Beginning with the line where "#2 coconut <box>102,0,186,71</box>" appears, retype every remaining line of the data below, both the first and last included.

• Source information
--------
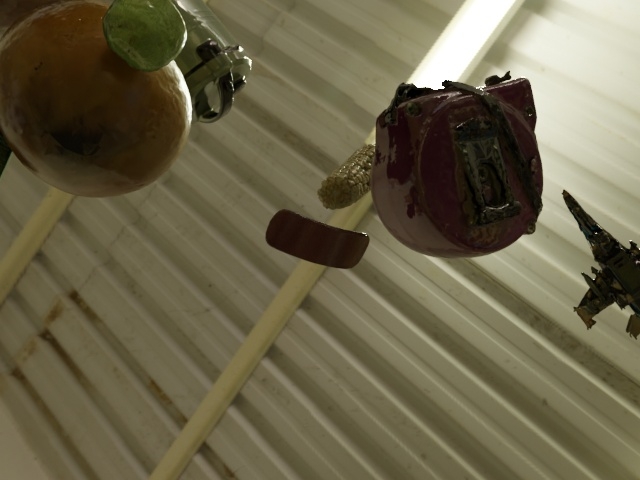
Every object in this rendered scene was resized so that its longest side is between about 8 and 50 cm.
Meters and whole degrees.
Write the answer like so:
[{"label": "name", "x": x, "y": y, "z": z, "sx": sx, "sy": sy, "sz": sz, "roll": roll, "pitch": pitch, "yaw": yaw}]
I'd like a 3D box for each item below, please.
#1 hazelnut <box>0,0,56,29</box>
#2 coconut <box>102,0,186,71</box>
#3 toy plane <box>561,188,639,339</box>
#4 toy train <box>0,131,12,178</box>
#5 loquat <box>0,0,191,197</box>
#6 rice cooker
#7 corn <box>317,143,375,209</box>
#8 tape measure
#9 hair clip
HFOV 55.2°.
--------
• Expected answer
#2 coconut <box>102,0,186,71</box>
#3 toy plane <box>561,188,639,339</box>
#4 toy train <box>0,131,12,178</box>
#5 loquat <box>0,0,191,197</box>
#6 rice cooker
#7 corn <box>317,143,375,209</box>
#8 tape measure
#9 hair clip
HFOV 55.2°.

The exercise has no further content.